Cap-and-trade systems are all over the place, with B.C. and Manitoba signing on to the Western Climate Initiative, a regional cap-and-trade bloc that straddles the Canada-U.S. border. There’s also the Chicago Climate Exchange, the European Climate Exchange, Green Exchange, etc. Alberta launched Canada’s first greenhouse-gas-emission trading market last summer. Under Alberta’s regime, emitters can meet the reduction targets applicable to each of their facilities by:
• improving operational efficiency (with excess improvements generating performance credits that are both bankable and tradable);
• buying offset credits from verified, Alberta-based projects; and/or
• paying $15 per excess tonne of CO2 equivalent, with the proceeds going to Alberta’s Climate Change and Emissions Management Fund.
“If you look at what Alberta’s done to date, we have an inter-Alberta market that we’ve created through our current legislation which has basically said you can use offsets from other facilities within Alberta but you can’t use offsets outside of Alberta to meet your emissions requirements,” says Grant.
Carbon emission trading has the potential to reduce greenhouse gases and possibly become the world’s leading derivatives product, but which exchange should be used? How do you determine the market value? “The more liquid the market, the more efficient the market, and what you’re doing here is that you have all these piecemeal markets popping up, none of which may be entirely efficient,” says Grant. “The larger the market base, probably the more efficient that’s going to be and you’ll have a more efficient transfer of wealth and more efficient market price there.”
Grant says he feels there is widespread support for doing something to curtail greenhouse gas emissions, even if there’s disagreement about which strategy to take. “I think even the companies that are going to be responsible for incurring a cost as a result are largely onboard now. I think everyone recognizes it has to happen and it’s going to happen, they just want to make sure that they all understand the rules they have to play by. It’s really made difficult by the fact you’ve got all these different jurisdictions doing something different and until you see a consensus building as to where you’re headed, it’s going to be confusing to everybody involved.”

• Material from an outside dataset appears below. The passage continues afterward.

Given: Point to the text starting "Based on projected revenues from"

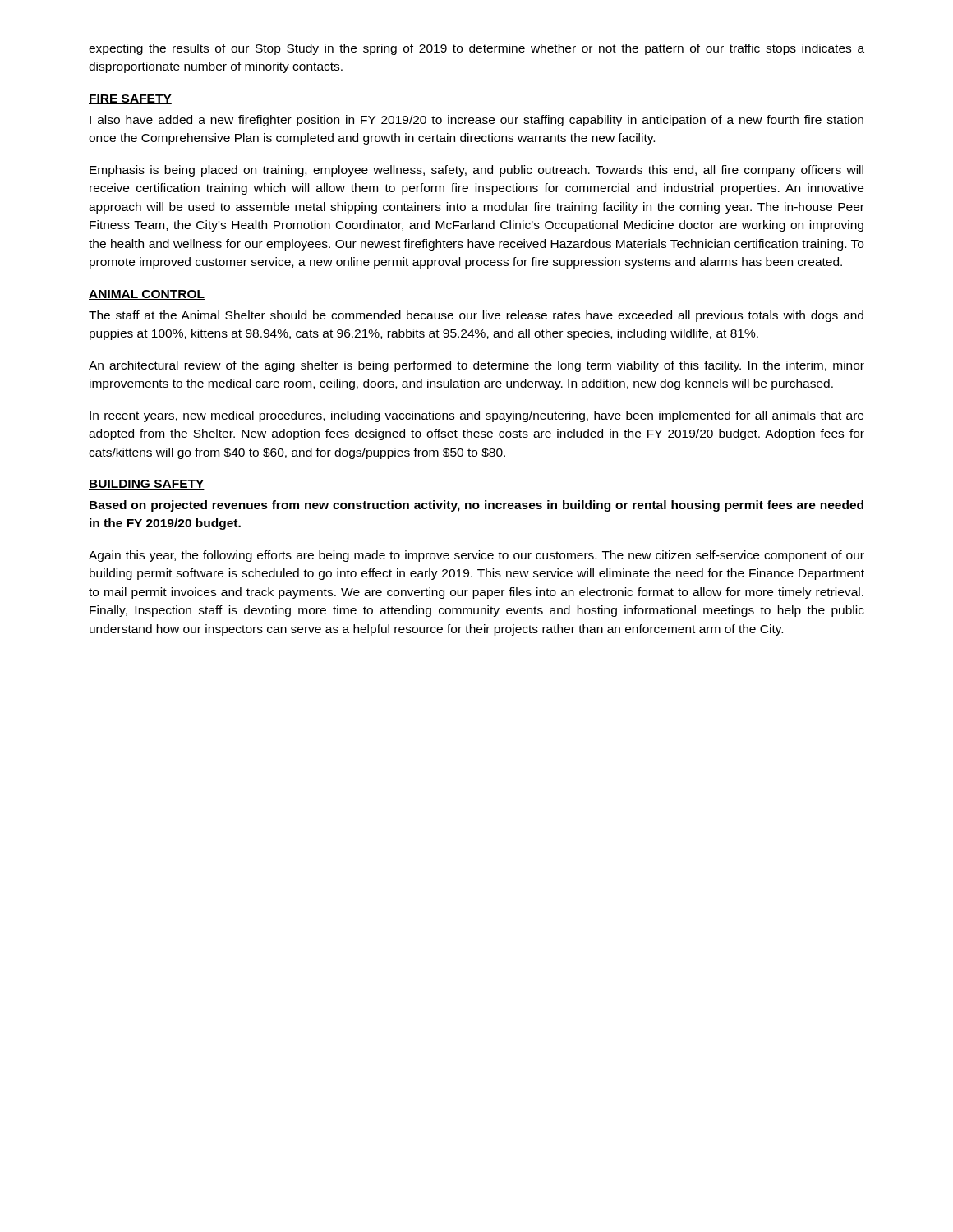Looking at the screenshot, I should 476,514.

Andersen says a happy compromise may be a combination of a carbon tax and cap-and-trade systems. “Is a carbon tax something we’re going to see going forward? It’s a hard thing to imagine,” he says. “I know George Bush has proposed and received a significant amount of criticism on carbon tax in the U.S. but my guess is you’re going to see some combination in some of the different provinces across Canada of a carbon tax and also a cap-and-trade system. I also believe B.C. is also proposing a cap-and-trade system for certain of its large industries.”

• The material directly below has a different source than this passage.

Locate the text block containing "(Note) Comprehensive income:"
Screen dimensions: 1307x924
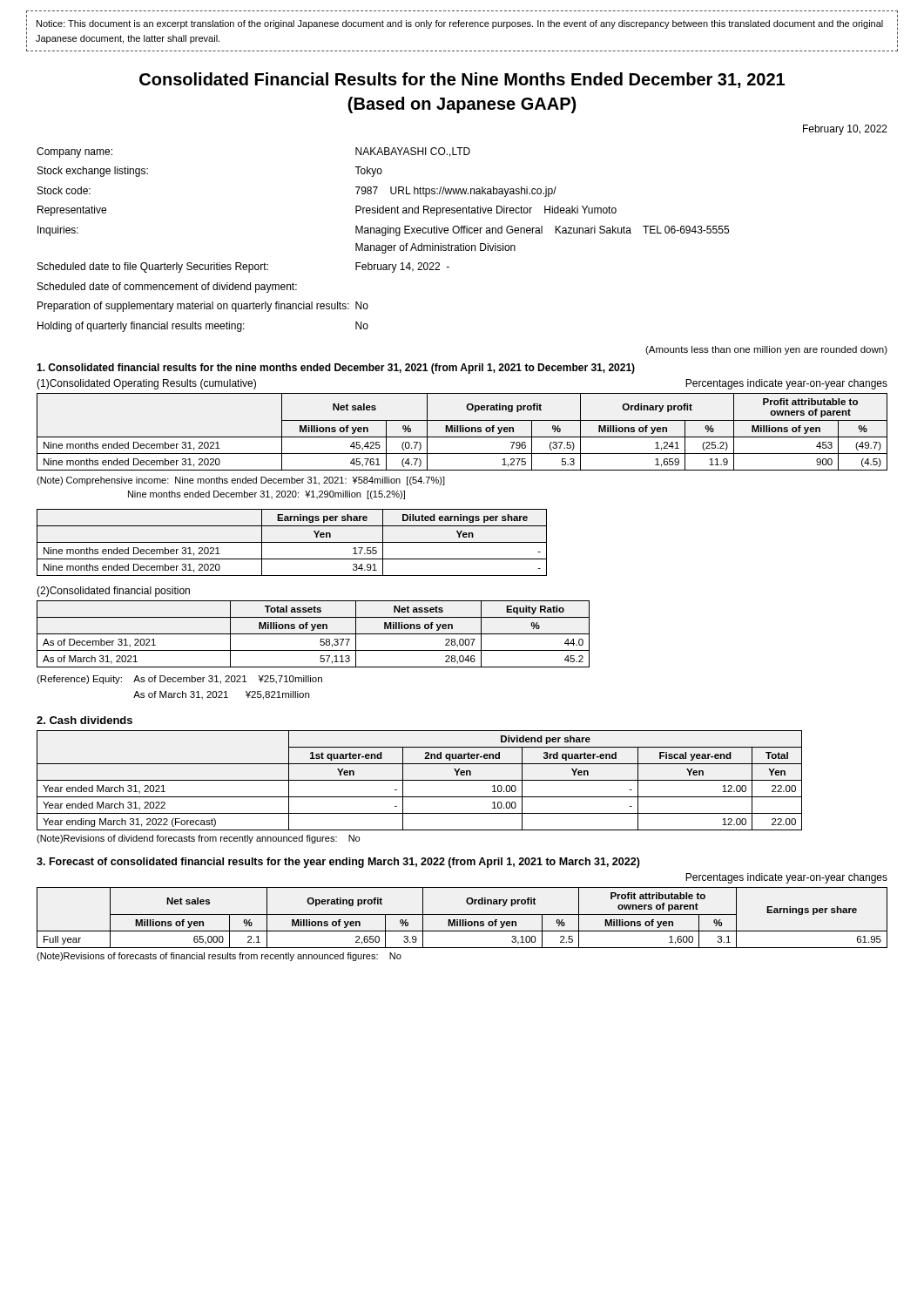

However, says Andersen, that still leaves the issue of piecemeal regulation of greenhouse gases across Canada. “You’re going to have different regulations across different provinces and you’re going to have a very difficult time creating a true market price because you will have an Alberta market price and possibly a B.C. or Quebec market price for different greenhouse gas credits, or on a tax basis,” he says.
And, just as there are concerns over carbon tax, there are also problems inherent in implementing a cap-and-trade system, says Andersen. “How do you determine what the level of greenhouse gas emissions, or conversely credits, a facility or a type of activity generates? That’s going to vary across all sorts of industries and all sorts of facilities.
“So you have to get parties to agree on how you measure that and how often you measure that. Then there’s a significant cost component in terms of actually determining what your emissions or credits are going to be on not only an initial basis but on an ongoing basis,” he says. “What those costs are and how you get there are far from clear right now.”